Friday, January 28, 2011

Going To The Chapel… Going To Get Buried

Title:  Wedding Slashers
Actors/Director/Anything Worth Mentioning Right Away:  This movie doesn’t star anyone you probably know and it was directed by Carlos Scott, who is no relation to Ridley and Tony.
Introduction:  This movie came from Walgreens for four dollars.  I mainly bought it because I thought the title was clever and had seen such generally bad reviews of it online.
Location:  They’re… going to the chapel and they’re… going to get buried…  This movie takes place primarily in a church, as the time is mostly the day of the wedding.  Though it could just be a VFW or something of equal value because, well, what makes an inside of a church, right?  (And they didn’t show a lot of the typical “inside of the church” things you’d think you’d see).
Plot:  This girl has some kind of curse put on her, which she eventually ends up explaining.  See, she was supposed to marry her cousin (or brother or something, does it matter?  Inbreeding is inbreeding, people!) and then she got out of it somehow and now every time she tries to get married her family kills everyone involved.   It’s kind of like a Disney movie and she’s just waiting for her handsome prince to come along and save her.   As far as stories go, I’ve heard a lot of the curse stories, but I don’t believe I’d heard this one before.   Definite points for a new spin on a classic idea.
Acting:  Nothing too bad, nothing too good.  It flowed and got me sucked in, but if I never see any of these people in a movie again…

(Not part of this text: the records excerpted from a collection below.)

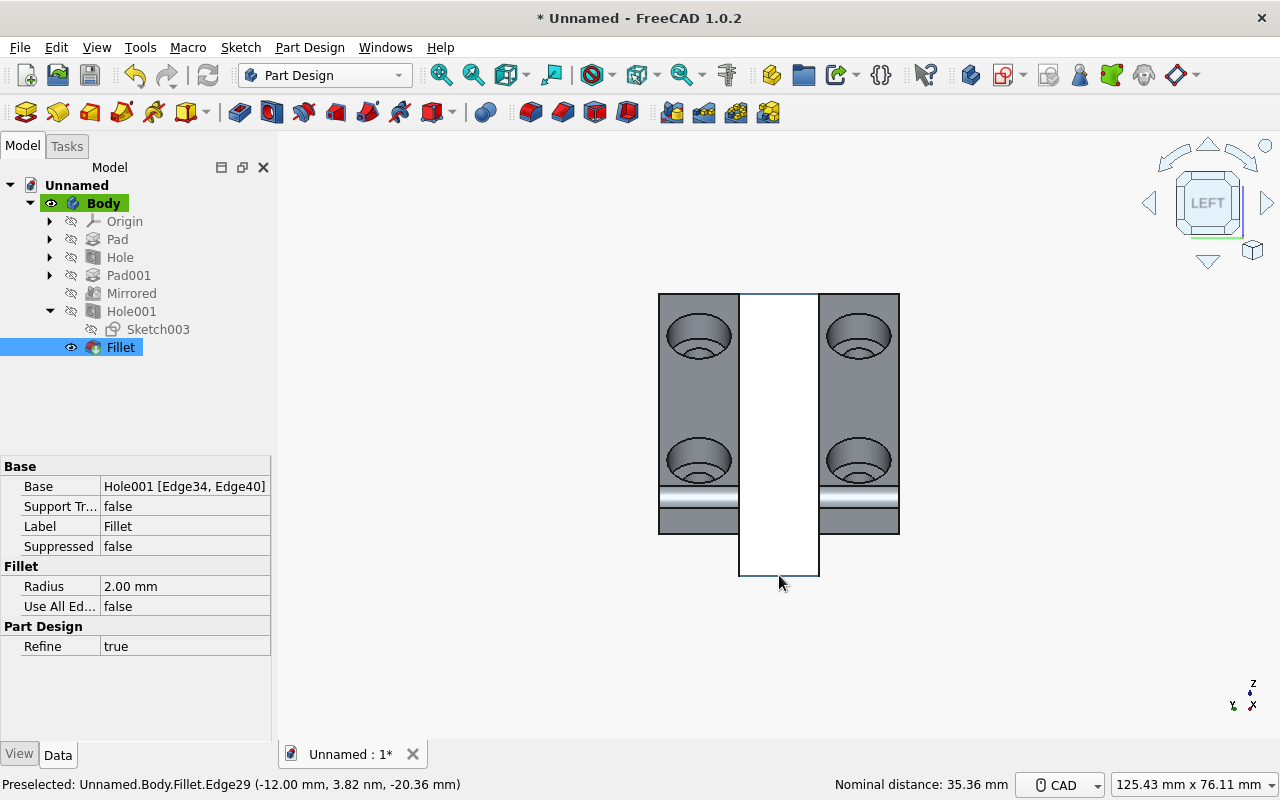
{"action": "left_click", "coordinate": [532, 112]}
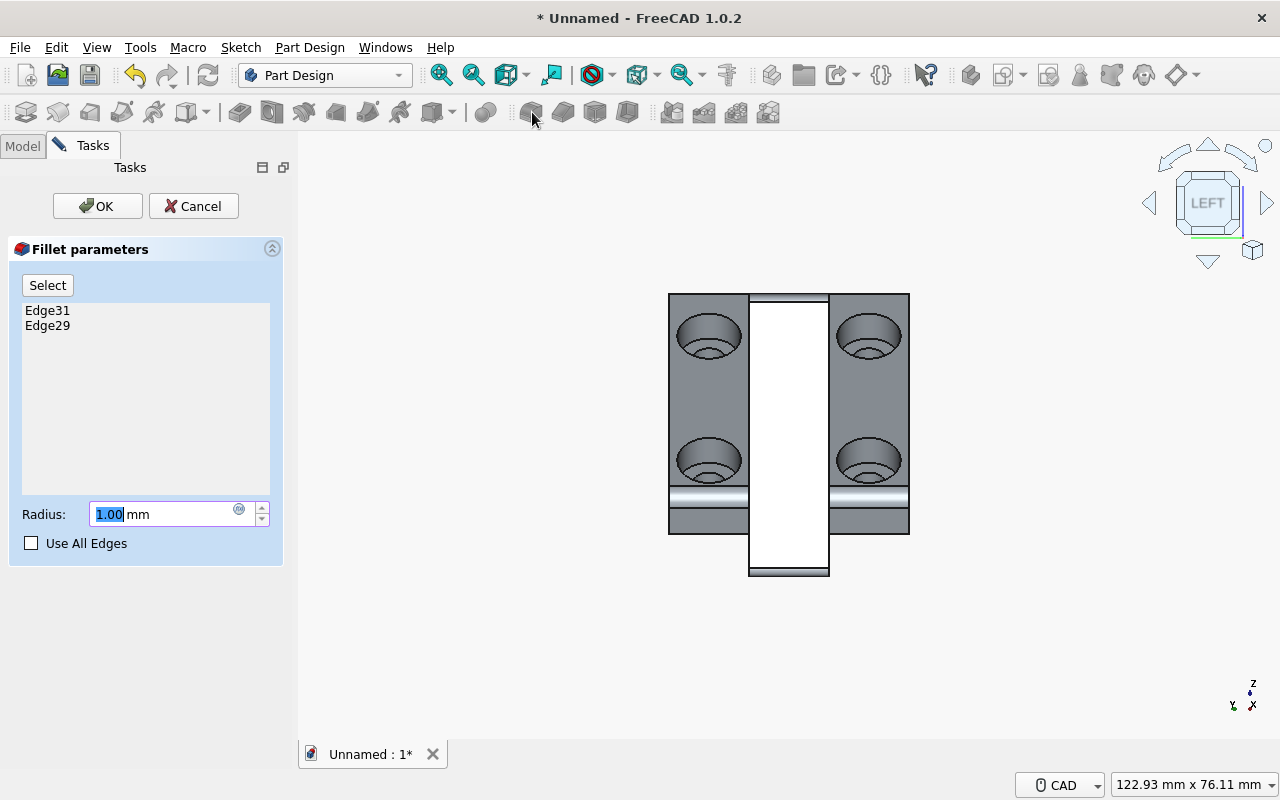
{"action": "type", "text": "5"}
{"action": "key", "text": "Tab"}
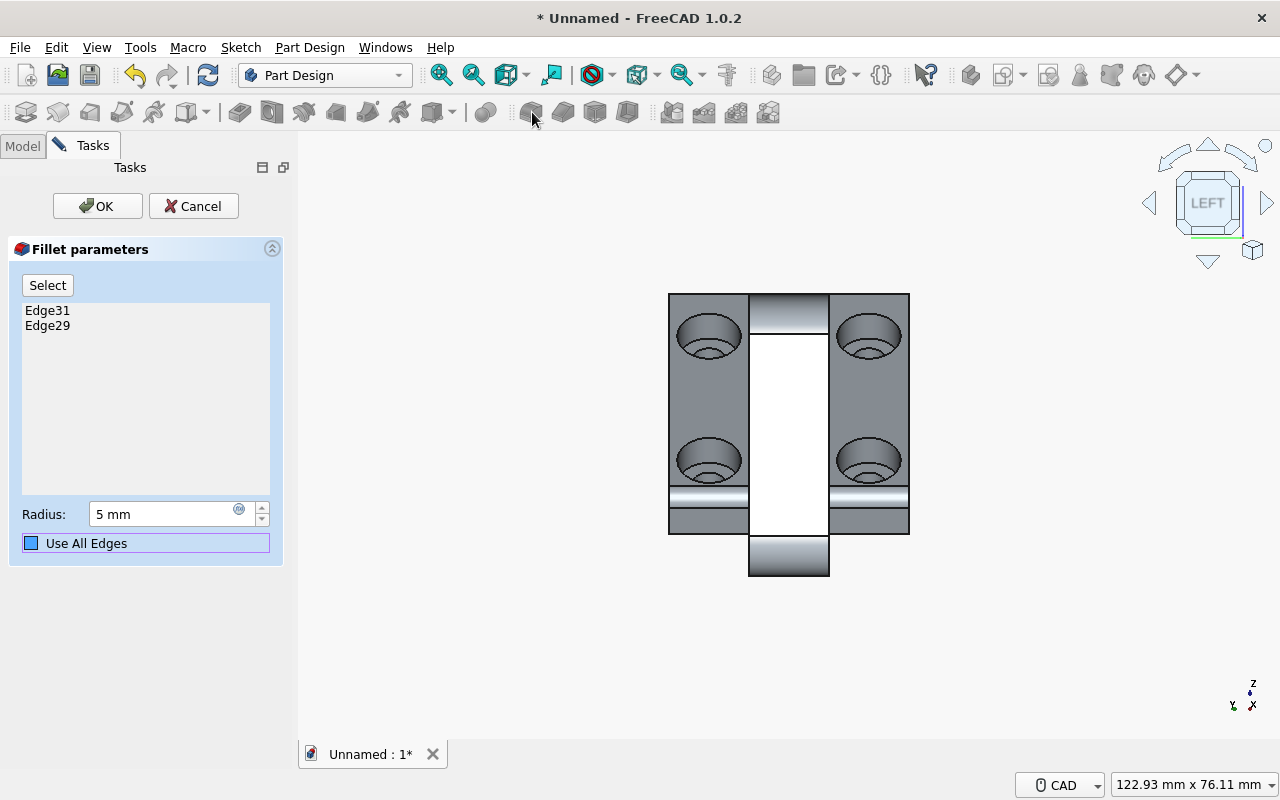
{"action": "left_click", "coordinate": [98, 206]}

Production:  It had good production value, actually.  Think of most any movie you’ve seen that involves a wedding scene and that’s what this is like.   One big, long, bloody wedding scene.
Sex/Nudity:  Nope.  Not really.   Just people getting killed.
Special Effects:  The single scene that is still my favorite in this movie is when she is being chased by (I think) her brother.  He pulls a knife from out of nowhere (I mean, he’s wearing overalls, and it’s one of those kitchen knives that the blade doesn’t retract so anywhere he had it on his person would’ve resulted in him stabbing himself), but the best part is he does so while chasing this girl in perhaps the single slowest chase scene ever.   While watching it I actually thought the chase scene was filmed in slow motion and it might have been.   Oh, it’s hilarious.
Overall Verdict:  You should see this movie.   I’m going to watch it again and again.   And laugh and laugh and laugh.